Erstveröffentlichung des Beitrags von Dr. Kunze auf seinem bildungsethischem Blog: https://bildung-und-ethik.com/2023/08/22/zwischenruf-weniger-leistung-mehr-politischer-einfluss/

Kommentare

3 Antworten

  1. Wir (in meinem Fall theologisch konservativen) strikten Liberaldemokraten lehnen staatliche Schulen (bei der Forderung bleibender staatlicher Grundkontrolle und sozialer Finanzierung) und das Beamtentum und dort übliche Besoldungsordnungen sowieso ab. Die Debatte zwischen der GEW, dem Hamburger Senat und seinen Kritikern nennen wir innersozialistisch…

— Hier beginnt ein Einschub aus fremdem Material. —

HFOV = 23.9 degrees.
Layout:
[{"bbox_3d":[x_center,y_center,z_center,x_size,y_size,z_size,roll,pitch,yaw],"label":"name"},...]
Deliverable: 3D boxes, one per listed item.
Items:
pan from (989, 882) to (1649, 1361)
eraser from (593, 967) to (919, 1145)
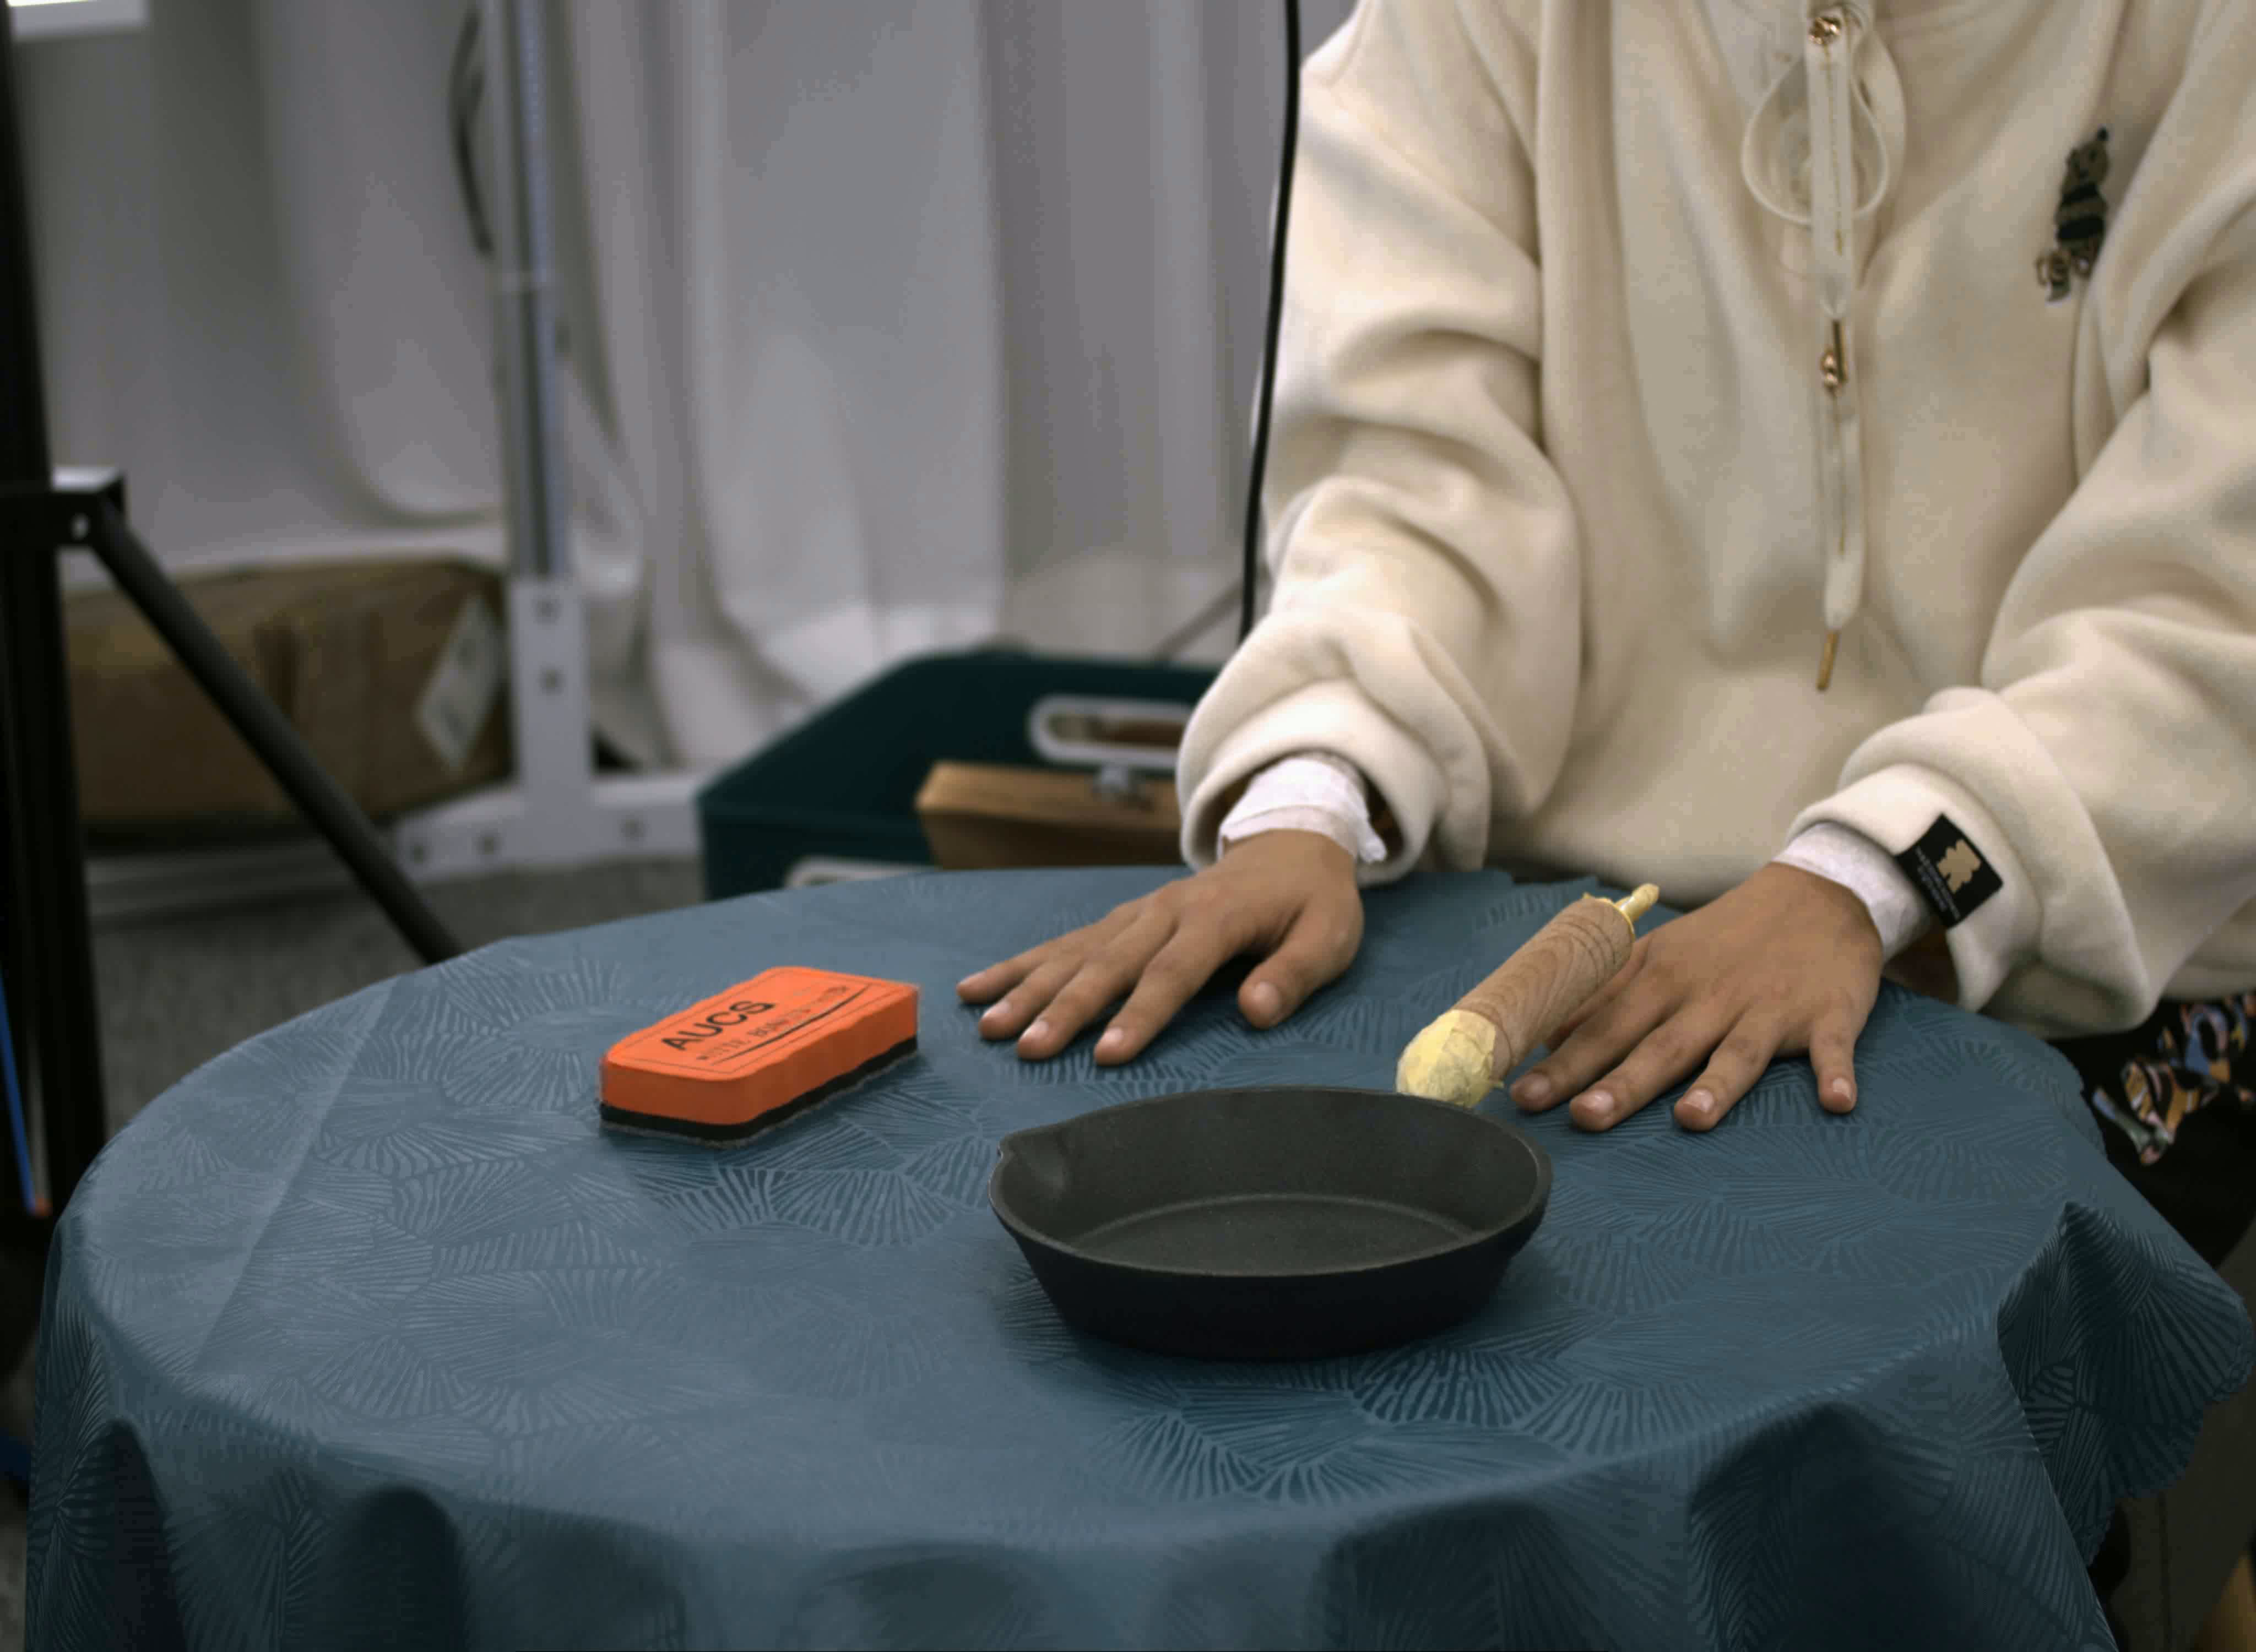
[{"bbox_3d":[0.082,0.082,1.541,0.172,0.049,0.318,6,19,30],"label":"pan"},{"bbox_3d":[-0.115,0.071,1.664,0.060,0.023,0.106,8,19,32],"label":"eraser"}]

  2. Nach Jahrzehnten der Tätigkeit im beruflichen Schulwesen kann ich diesen Artikel, insbesondere mit dessen Hinweis auf das politische Andienen, welches bereits den interkollegialen Umgang beeinflusst, mit Überzeugung unterschreiben.

    1. Einiges kann ich nicht nachvollziehen. Gewiss ist der Lehrstoff, der in der Oberstufe vermittelt wird, umfangreich! Dennoch ist das Vermitteln an die Unterstufe, nicht ganz so einfach, weil der Aufbau des Lehrstoffes doch etwas differenzierte ist, ergo, warum stetig die Feilscherei? Wichtig ist, der Lehrstoff wird so vermittelt, das er verstandenwird!